**DATA UNDER STUDY:**
##########

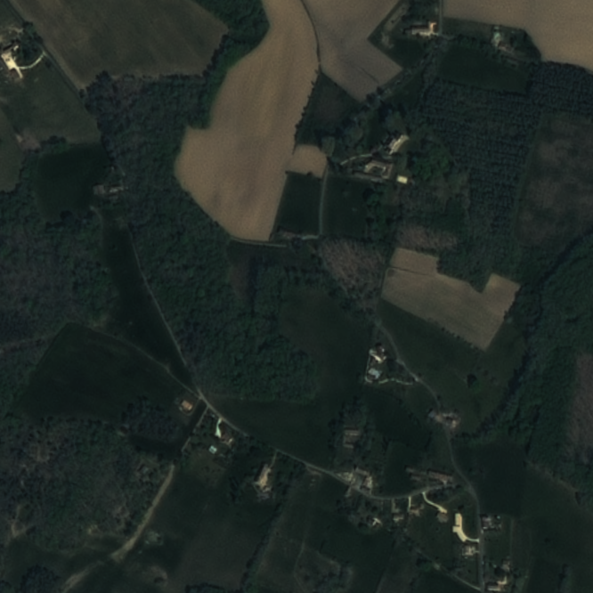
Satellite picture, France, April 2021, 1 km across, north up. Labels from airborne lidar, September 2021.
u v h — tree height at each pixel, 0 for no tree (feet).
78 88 0
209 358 62
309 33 0
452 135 52
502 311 0
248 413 0
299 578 0
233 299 71
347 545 0
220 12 55
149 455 52
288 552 0
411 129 51
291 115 0
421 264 0
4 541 50
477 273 47
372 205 57
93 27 0
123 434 0
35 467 24
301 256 73
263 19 51
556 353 51
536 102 61
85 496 74
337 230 0
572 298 66
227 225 0
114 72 0
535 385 78
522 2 0
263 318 39
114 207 22
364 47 0
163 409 0
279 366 69
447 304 0
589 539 0
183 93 60
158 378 0
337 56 0
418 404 0
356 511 22
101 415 0
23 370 54
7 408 55
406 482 0
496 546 0
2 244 55
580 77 53
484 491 0
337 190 0
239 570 0
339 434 32
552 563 0
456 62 0
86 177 0
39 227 58
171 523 0
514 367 0
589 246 70
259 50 0
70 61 0
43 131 0
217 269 67
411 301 0
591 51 0
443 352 0
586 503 59
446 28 0
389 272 0
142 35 0
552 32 0
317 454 0
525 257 38
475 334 0
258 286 103
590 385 71
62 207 0
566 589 46
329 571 0
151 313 0
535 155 0
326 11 0
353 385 0
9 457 29
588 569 0
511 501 0
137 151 56
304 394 71
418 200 43
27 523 35
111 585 0
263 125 0
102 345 0
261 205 0
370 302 42
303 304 0
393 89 23
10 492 39
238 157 0
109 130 54
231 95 0
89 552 0
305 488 0
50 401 0
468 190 36
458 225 37
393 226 61
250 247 22
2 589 60
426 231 54
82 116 0
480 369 29
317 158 0
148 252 37
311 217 0
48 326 53
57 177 0
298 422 0
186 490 0
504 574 35
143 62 0
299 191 0
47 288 37
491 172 48
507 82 0
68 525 60
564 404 60
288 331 0
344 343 0
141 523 69
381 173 19
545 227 0
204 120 62
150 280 32
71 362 0
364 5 0
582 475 67
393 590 0
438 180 50
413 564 0
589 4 0
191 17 0
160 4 0
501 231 57
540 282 26
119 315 0
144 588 0
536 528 0
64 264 63
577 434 80
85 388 0
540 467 54
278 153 0
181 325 41
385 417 0
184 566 0
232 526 0
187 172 0
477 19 0
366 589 0
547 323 60
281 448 0
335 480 0
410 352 0
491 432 58
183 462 43
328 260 56
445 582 0
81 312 65
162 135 79
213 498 0
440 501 29
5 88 0
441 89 34
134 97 52
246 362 79
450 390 0
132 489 50
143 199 53
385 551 0
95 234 64
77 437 47
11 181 0
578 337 61
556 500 0
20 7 0
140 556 0
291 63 0
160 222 63
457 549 0
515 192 57
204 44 0
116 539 0
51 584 24
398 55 0
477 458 0
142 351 0
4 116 0
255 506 0
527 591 0
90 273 68
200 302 49
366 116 45
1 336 64
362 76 0
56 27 0
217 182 0
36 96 0
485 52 39
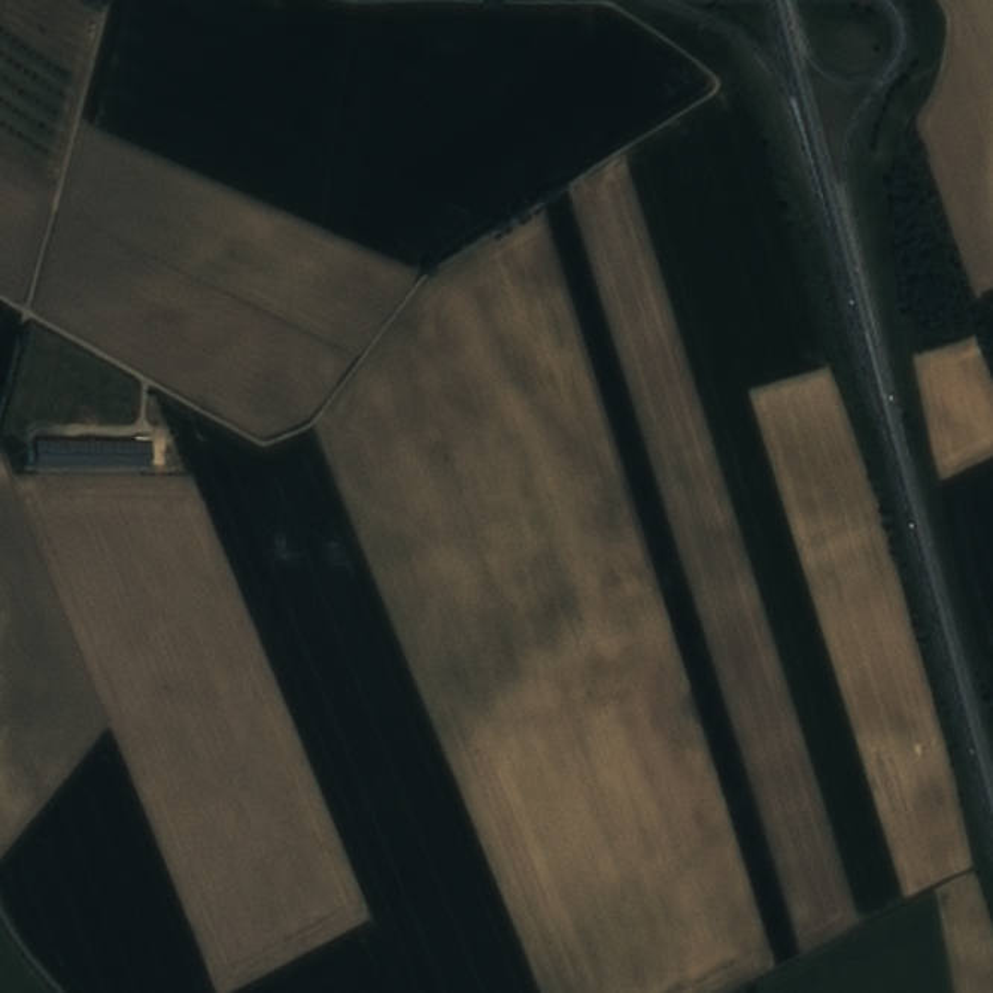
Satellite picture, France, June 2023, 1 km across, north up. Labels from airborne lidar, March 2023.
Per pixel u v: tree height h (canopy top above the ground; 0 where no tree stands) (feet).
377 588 0
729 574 0
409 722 0
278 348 0
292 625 0
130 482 0
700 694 0
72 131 0
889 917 0
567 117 0
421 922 0
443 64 0
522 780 0
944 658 0
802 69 0
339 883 0
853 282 0
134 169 0
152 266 0
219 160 0
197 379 0
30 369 0
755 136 0
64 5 0
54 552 0
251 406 0
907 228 47
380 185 0
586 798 0
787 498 0
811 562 0
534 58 0
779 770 0
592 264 0
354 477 0
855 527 0
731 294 0
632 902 0
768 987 0
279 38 0
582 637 0
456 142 0
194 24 0
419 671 0
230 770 0
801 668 0
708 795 0
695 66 0
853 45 0
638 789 0
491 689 0
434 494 0
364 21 0
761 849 0
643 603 0
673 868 0
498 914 0
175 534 0
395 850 0
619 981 0
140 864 0
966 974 0
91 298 0
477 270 0
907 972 0
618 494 0
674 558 0
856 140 0
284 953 0
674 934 0
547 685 0
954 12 0
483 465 0
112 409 0
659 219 0
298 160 0
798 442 0
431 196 0
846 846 0
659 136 0
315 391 0
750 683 0
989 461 0
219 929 0
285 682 0
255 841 0
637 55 0
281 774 0
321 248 0
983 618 0
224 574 0
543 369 0
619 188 0
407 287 0
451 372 0
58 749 0
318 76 0
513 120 0
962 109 0
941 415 0
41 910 0
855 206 0
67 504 0
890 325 0
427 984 0
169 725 0
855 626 0
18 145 0
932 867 0
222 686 0
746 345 0
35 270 0
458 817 0
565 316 0
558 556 0
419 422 0
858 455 0
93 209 0
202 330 0
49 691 0
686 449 0
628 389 0
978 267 0
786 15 0
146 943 0
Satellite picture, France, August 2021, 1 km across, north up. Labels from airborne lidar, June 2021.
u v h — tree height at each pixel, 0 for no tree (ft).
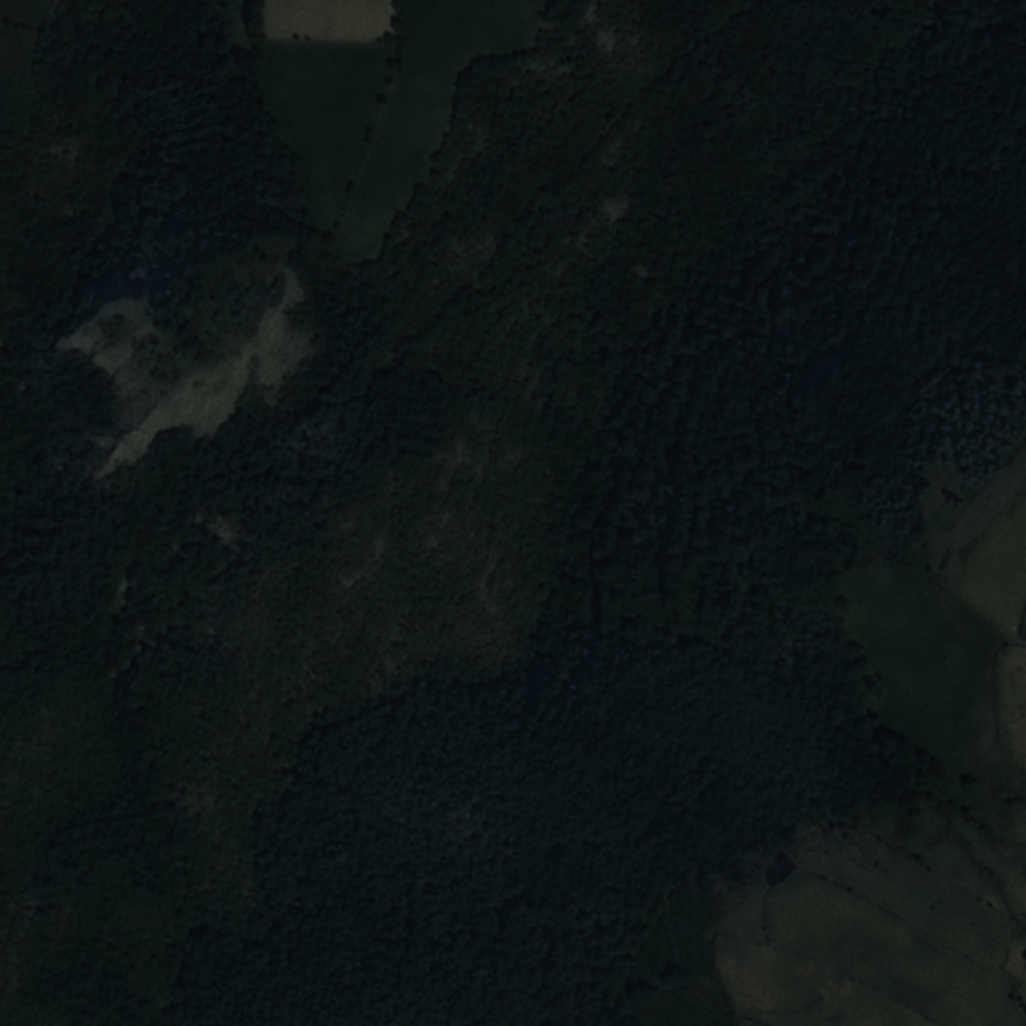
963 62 74
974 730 0
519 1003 55
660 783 72
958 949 0
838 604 48
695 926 0
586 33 34
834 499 0
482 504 53
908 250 66
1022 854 0
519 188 55
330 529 39
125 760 60
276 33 0
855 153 52
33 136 29
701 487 60
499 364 49
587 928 52
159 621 103
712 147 73
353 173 0
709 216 63
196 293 31
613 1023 64
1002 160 72
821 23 50
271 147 31
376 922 100
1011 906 0
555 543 76
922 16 81
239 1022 95
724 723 51
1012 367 62
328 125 0
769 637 57
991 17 54
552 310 55
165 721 61
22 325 85
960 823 0
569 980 54
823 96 79
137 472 46
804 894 0
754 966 0
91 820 56
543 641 109
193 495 78
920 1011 0
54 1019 45
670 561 64
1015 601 0
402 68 25
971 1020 0
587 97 79
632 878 60
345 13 0
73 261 87
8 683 53
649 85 50
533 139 66
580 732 83
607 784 68
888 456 32
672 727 61
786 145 100
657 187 61
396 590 68
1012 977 0
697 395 76
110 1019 47
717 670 61
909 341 71
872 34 74
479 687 69
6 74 0
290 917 107
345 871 92
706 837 61
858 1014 0
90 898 39
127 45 75
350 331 100
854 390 79
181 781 31
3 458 60
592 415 92
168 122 99
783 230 33
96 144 66
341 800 60
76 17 38
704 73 84
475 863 64
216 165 95
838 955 0
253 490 90
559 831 42
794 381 36
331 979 75
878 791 72
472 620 28
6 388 69
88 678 61
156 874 75
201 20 75
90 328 0
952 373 22
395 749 57
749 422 25
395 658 73
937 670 0
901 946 0
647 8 69
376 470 73
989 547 0
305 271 47
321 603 28
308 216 34
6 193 65
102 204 67
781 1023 0
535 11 0
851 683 73
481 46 0
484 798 24
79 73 62
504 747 47
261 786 55
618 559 24
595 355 78
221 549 94
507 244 66
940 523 0
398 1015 57
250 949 82
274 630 40
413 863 75
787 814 35
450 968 87
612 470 37
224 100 73
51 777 45
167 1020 70
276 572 32
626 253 75
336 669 73
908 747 62
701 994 0
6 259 77
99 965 50
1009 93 68
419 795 30
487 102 71
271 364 0
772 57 64
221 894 28
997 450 32
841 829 36
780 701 51
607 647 73
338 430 83
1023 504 0
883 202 72
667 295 78
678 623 26
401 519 71
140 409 0
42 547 78
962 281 68
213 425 0
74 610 63
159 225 46
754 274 68
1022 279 62
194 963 84
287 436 94
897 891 0
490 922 98
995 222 72
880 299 75
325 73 0
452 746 47
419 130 0
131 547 74
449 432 27
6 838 46
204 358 25
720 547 79
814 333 30
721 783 65
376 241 0
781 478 46
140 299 0
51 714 33
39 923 37
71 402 73
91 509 87
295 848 75
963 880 0
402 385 92
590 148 38
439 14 0
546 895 83
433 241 49
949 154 70
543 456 72
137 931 55
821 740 38
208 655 86
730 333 64
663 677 55
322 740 84
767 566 62
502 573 23
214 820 31
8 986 43
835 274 52
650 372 58
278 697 63
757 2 46
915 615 0
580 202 54
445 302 41
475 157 27
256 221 56
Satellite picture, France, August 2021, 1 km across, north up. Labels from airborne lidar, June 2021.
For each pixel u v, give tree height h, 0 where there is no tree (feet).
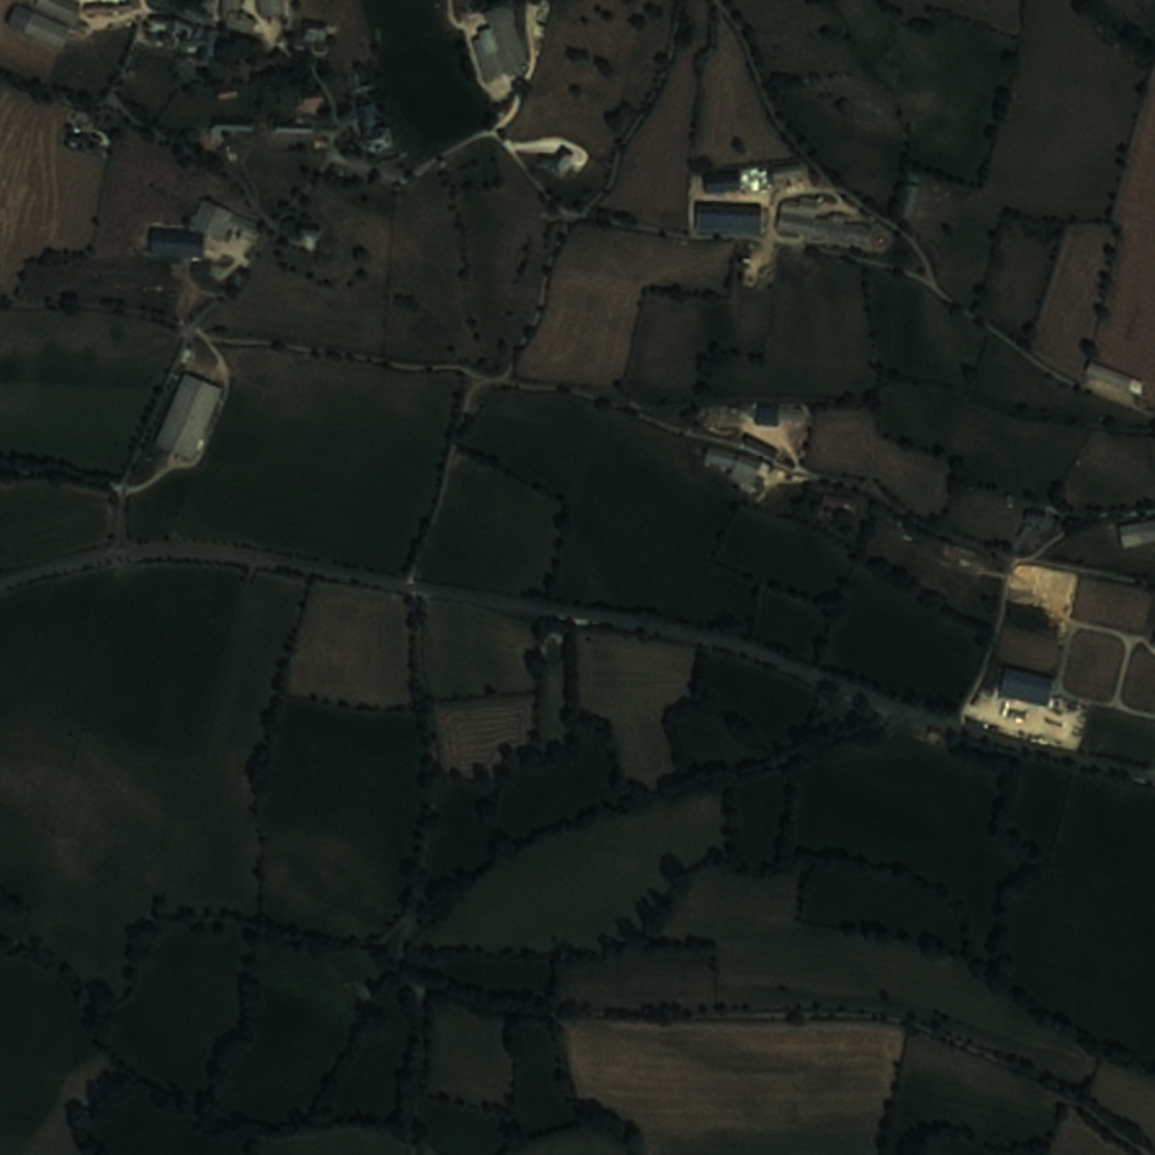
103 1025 94
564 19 0
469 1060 0
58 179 0
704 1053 0
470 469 0
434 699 26
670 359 0
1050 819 0
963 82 0
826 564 0
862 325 0
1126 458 0
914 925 0
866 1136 0
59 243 0
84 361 0
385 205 0
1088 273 0
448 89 0
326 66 31
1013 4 0
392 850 0
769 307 0
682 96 0
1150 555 0
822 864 25
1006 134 0
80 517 0
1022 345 27
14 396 0
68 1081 0
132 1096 55
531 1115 0
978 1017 0
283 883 0
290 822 0
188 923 40
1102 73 0
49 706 0
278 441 0
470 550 0
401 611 0
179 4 18
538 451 0
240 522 0
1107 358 0
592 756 0
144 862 0
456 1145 0
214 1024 0
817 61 0
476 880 44
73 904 0
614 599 0
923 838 0
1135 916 0
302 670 0
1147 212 0
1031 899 0
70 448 0
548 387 0
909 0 0
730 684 0
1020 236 0
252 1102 0
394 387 0
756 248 0
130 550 0
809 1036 0
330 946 45
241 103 0
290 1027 0
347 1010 0
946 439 0
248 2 0
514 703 0
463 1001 37
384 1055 0
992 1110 0
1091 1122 30
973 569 0
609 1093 0
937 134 0
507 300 0
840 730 27
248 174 0
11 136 0
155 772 0
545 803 0
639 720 0
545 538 0
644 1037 0
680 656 0
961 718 69
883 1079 0
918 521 22
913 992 0
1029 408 26
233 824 0
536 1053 0
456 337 0
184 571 0
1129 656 0
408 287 0
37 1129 0
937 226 0
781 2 0
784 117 37
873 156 0
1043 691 0
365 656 0
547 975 0
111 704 0
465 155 0
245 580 21
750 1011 23
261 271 0
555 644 0
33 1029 0
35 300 0
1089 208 0
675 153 0
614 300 0
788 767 55
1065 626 0
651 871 0
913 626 0
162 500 0
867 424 0
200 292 0
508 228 0
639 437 0
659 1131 0
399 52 0
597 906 0
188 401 0
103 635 0
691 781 54
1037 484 0
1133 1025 0
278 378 0
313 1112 23
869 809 0
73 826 0
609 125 33
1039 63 0
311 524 0
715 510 0
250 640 0
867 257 26
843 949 0
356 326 0
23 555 0
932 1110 0
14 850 0
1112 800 0
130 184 0
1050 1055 0
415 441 0
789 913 0
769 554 0
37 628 0
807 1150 0
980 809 0
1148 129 0
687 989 0
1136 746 0
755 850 0
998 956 41
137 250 0
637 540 0
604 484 0
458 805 0
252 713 0
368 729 0
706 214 0
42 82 27
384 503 0
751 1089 0
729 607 0
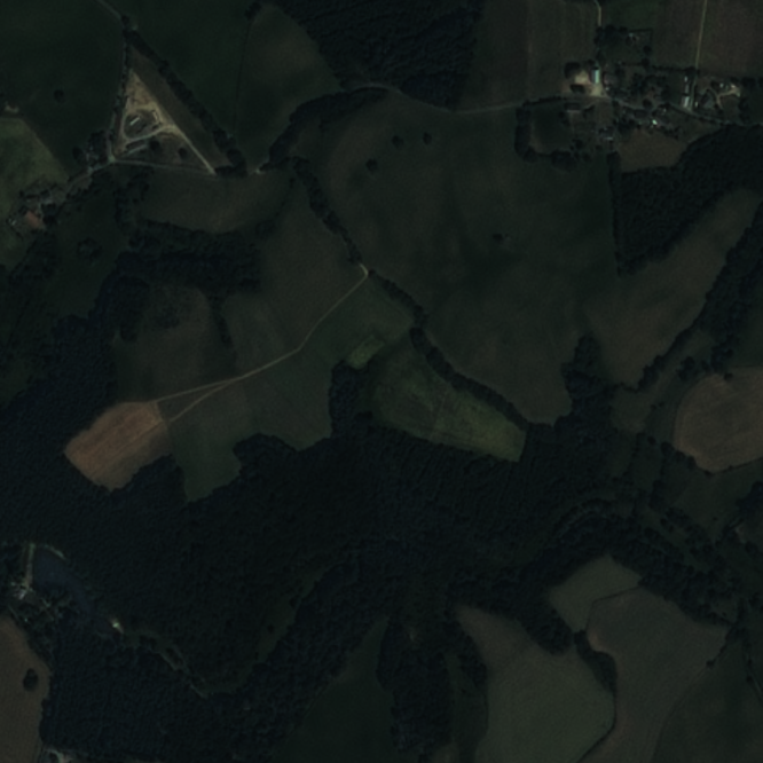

##########

**DIRECTIONS:**
Set apart and copy each line of the records that holds the word "where".

**ANSWER BELOW:**
Per pixel u v: tree height h (canopy top above the ground; 0 where no tree stands) (feet).
For each pixel u v, give tree height h, 0 where there is no tree (feet).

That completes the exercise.